▶ Input data:

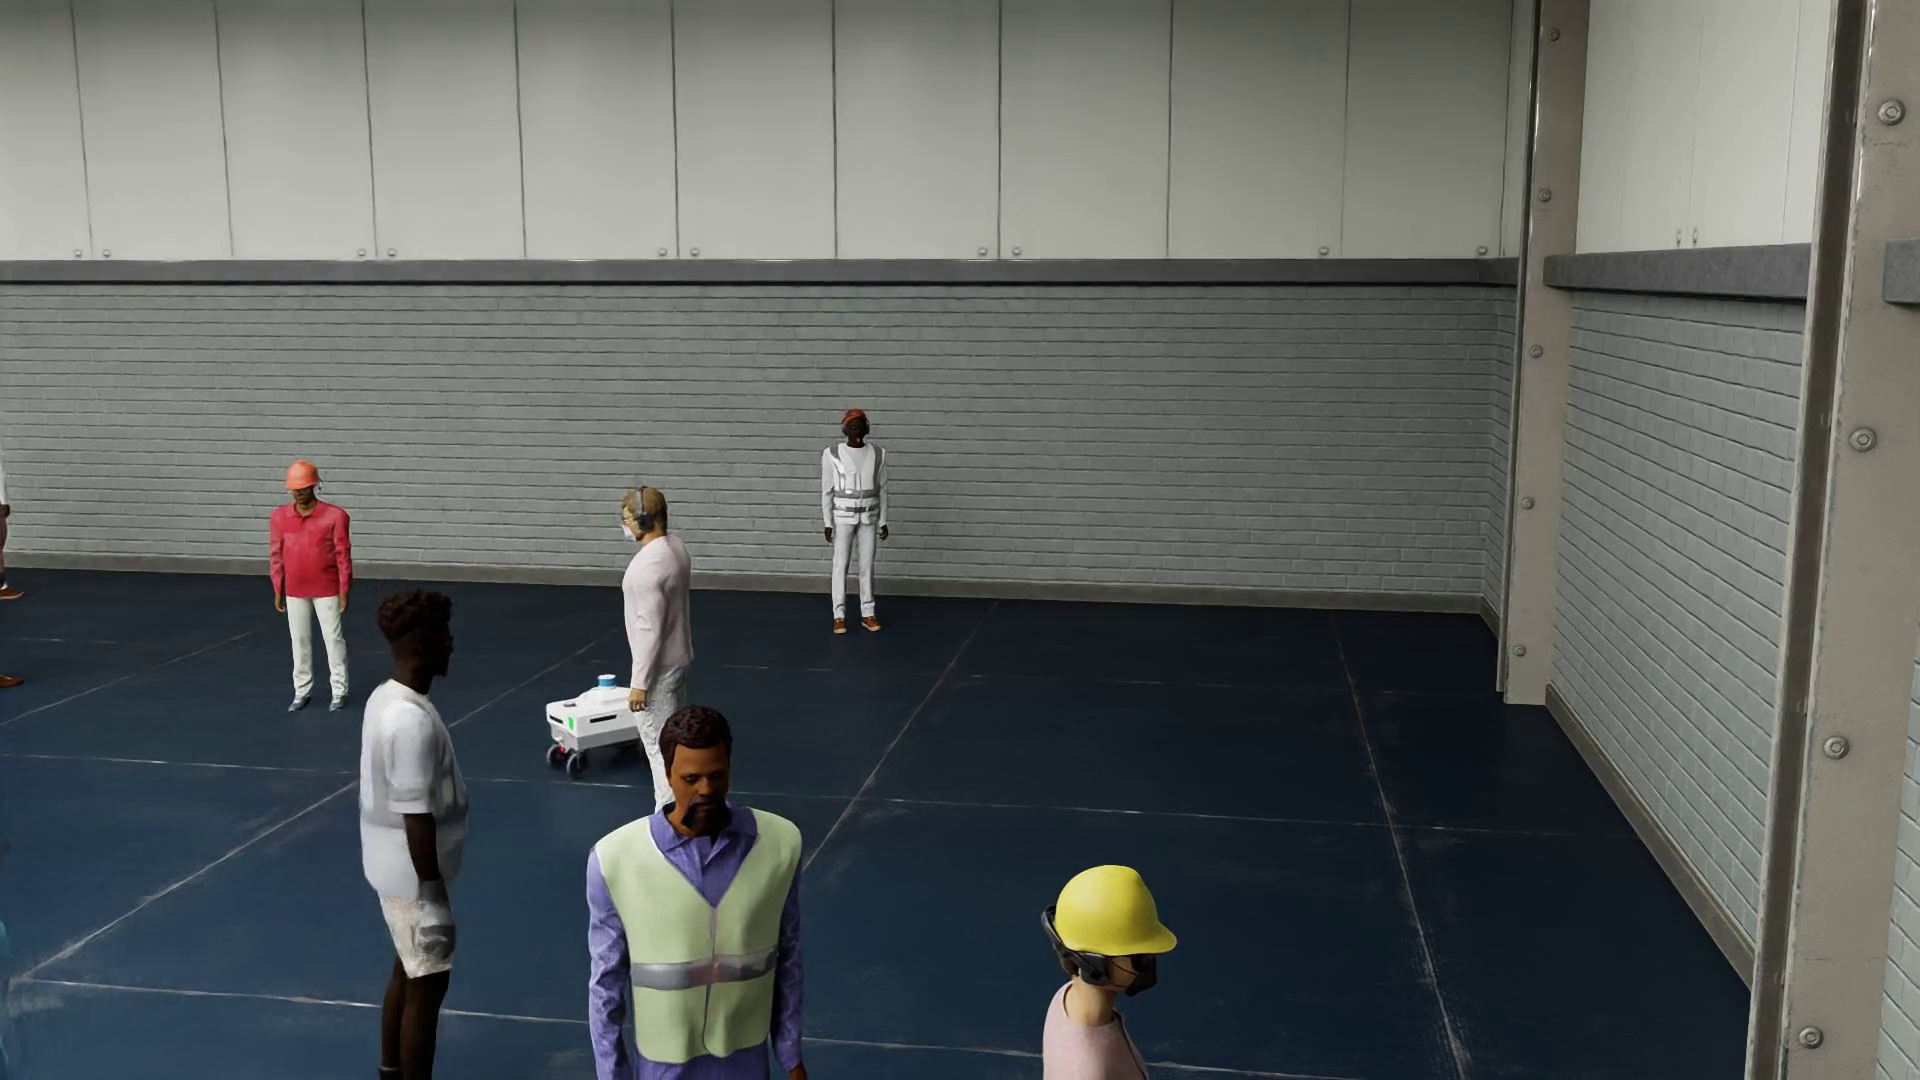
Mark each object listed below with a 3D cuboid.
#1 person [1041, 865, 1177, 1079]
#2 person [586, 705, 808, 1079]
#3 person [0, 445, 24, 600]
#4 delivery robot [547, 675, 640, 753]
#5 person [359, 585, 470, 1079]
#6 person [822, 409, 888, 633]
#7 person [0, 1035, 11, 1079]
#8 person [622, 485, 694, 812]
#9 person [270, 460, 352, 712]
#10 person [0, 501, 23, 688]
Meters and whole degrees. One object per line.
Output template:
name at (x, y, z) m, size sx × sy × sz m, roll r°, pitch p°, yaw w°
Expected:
person at (0.308, 1.567, 3.679) m, size 0.310 × 1.768 × 0.533 m, roll 0°, pitch 9°, yaw 2°
person at (-0.687, 1.369, 4.433) m, size 0.592 × 1.919 × 0.392 m, roll -5°, pitch 10°, yaw -26°
person at (-8.988, -0.382, 15.337) m, size 0.583 × 1.882 × 0.337 m, roll 5°, pitch 10°, yaw 27°
delivery robot at (-2.155, 1.069, 10.183) m, size 0.707 × 0.478 × 0.477 m, roll -8°, pitch 12°, yaw -40°
person at (-1.887, 1.126, 5.788) m, size 0.362 × 1.963 × 0.635 m, roll -4°, pitch 10°, yaw -24°
person at (-0.875, -0.159, 13.968) m, size 0.575 × 1.883 × 0.355 m, roll -4°, pitch 10°, yaw -21°
person at (-2.834, 1.521, 4.487) m, size 0.522 × 1.593 × 0.829 m, roll 4°, pitch 10°, yaw 23°
person at (-1.573, 0.675, 8.665) m, size 0.356 × 1.936 × 0.635 m, roll 1°, pitch 9°, yaw 5°
person at (-4.462, 0.318, 11.439) m, size 0.565 × 1.745 × 0.348 m, roll 0°, pitch 9°, yaw 1°
person at (-7.114, 0.145, 12.057) m, size 0.647 × 1.901 × 0.402 m, roll 6°, pitch 11°, yaw 35°
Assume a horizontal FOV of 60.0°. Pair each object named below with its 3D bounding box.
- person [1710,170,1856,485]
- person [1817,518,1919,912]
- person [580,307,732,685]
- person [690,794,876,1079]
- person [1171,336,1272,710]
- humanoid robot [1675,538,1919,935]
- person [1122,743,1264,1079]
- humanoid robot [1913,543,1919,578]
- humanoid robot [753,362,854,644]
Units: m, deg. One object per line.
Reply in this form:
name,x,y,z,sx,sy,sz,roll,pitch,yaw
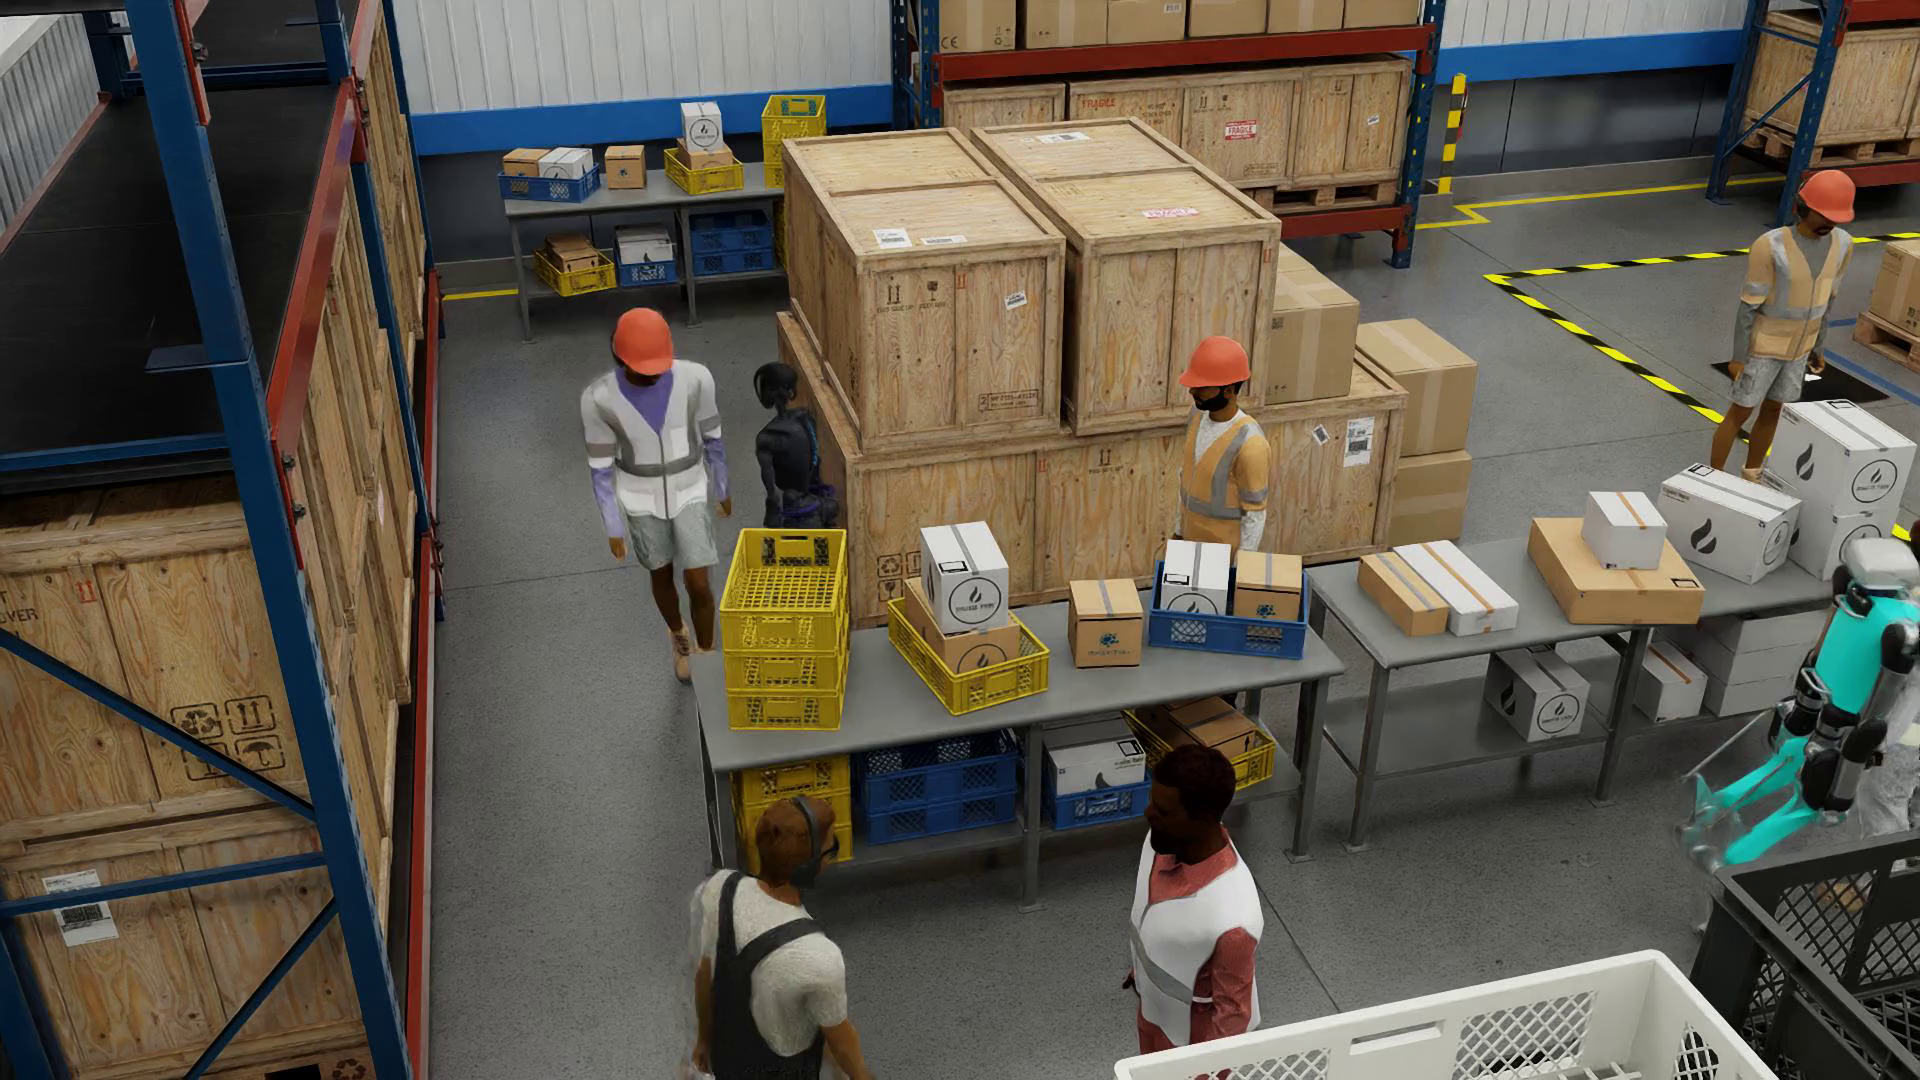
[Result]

▶ Task goal:
In the listing above, find the line with "Assume a horizontal" and the line with "- person [1171,336,1272,710]"; output exactly those lines and all lines between them.

▶ Solution for this exercise:
Assume a horizontal FOV of 60.0°. Pair each object named below with its 3D bounding box.
- person [1710,170,1856,485]
- person [1817,518,1919,912]
- person [580,307,732,685]
- person [690,794,876,1079]
- person [1171,336,1272,710]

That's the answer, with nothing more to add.